Health & Safety News

News added on 29.05.2019


Risk assessment

Lack of safe system led to volunteer's death

A volunteer at a football club died after falling through a fragile roof whilst carrying out odd jobs. What responsibility did the club have for the volunteer’s safety?

C volunteered at St Albans City Football and Athletic Club, carrying out “odd jobs” over many years. The 71 year old was repairing part of the roof of the club’s Clarence Park ground in July 2017, when he fell through some fragile roof sheeting onto the terrace steps below and suffered fatal injuries.

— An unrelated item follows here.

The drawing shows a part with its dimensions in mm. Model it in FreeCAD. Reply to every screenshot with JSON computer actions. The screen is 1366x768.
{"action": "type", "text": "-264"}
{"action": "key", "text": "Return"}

When the Health and Safety Executive (HSE) investigated the incident, it found that the club had failed to put a suitable system in place to authorise or supervise maintenance work. Volunteers were provided with keys, so they had uncontrolled access to the ground. As a result, the work at height was unsupervised and could be carried out in an unsafe manner.

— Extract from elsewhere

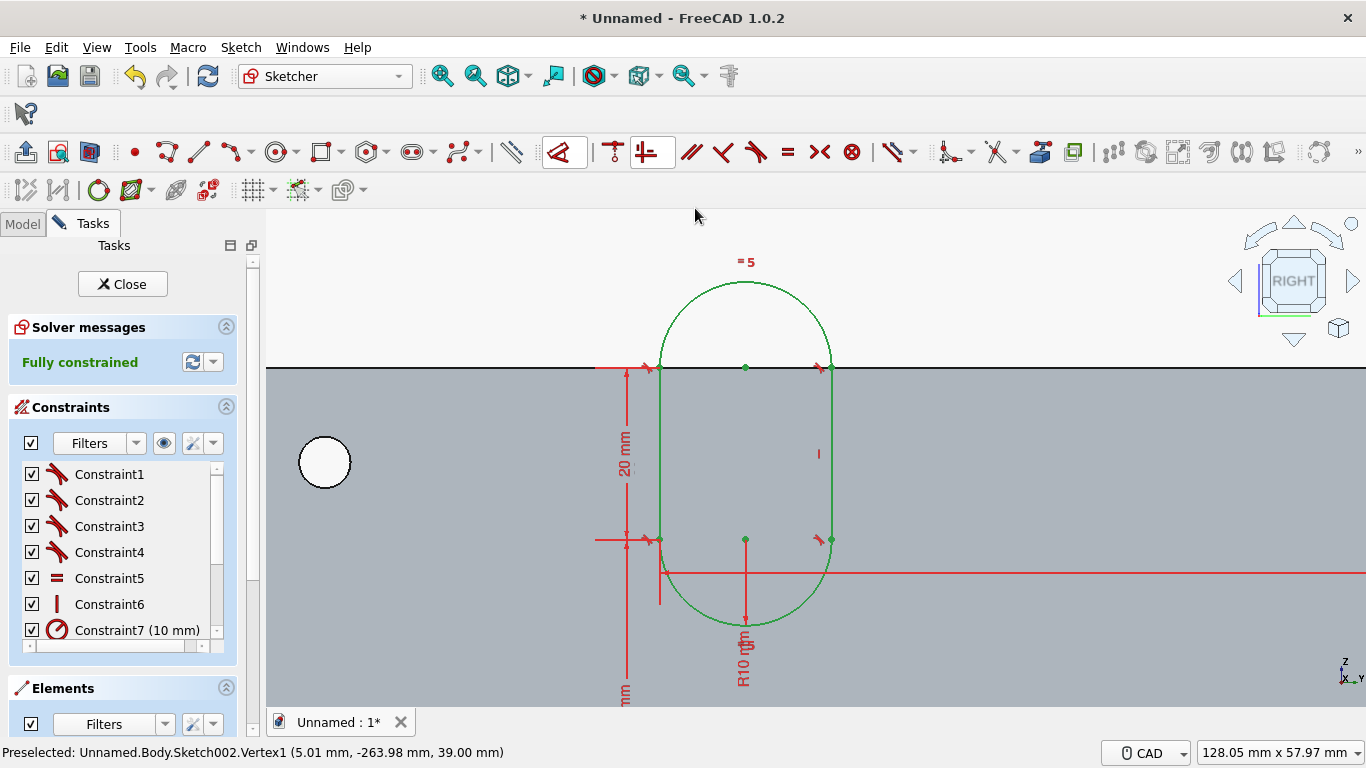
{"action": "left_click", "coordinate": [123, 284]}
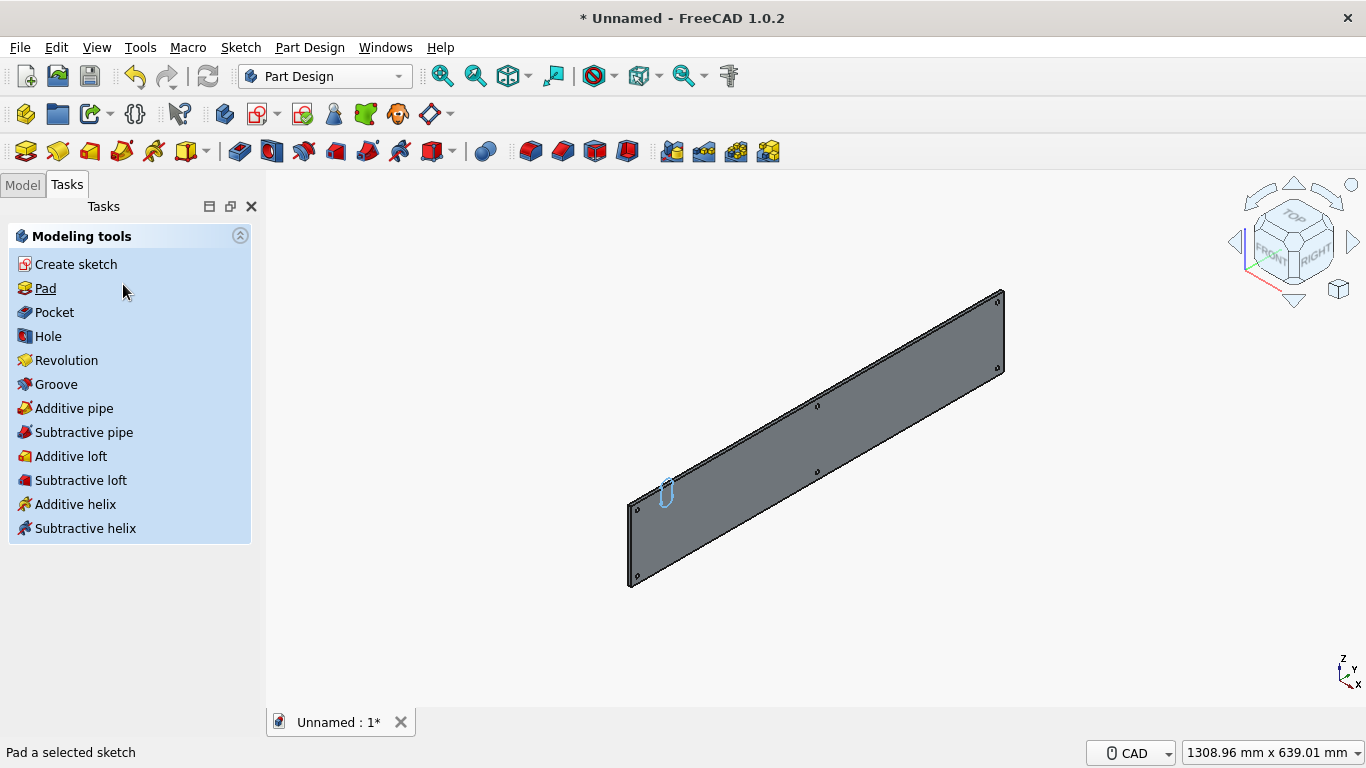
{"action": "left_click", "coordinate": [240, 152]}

The club owed a duty to C as a volunteer to ensure, as far as was reasonably practicable, that he was not exposed to health and safety risks, mirroring its duty to safeguard its employees.

St Albans City Football and Athletic Club Ltd pleaded guilty to breaching its duty to safeguard non-employees under s.3 Health and Safety at Work etc. Act 1974. It was fined £1,000 and ordered to pay the same again in costs.

Employers who use volunteers must ensure their safety, just as they do for their employees. In giving volunteers uncontrolled access to the ground to undertake “odd jobs”, this football club failed in that duty. Work on a fragile roof should be risk assessed and only carried out by trained people (whether volunteers or employees) with appropriate control measures in place.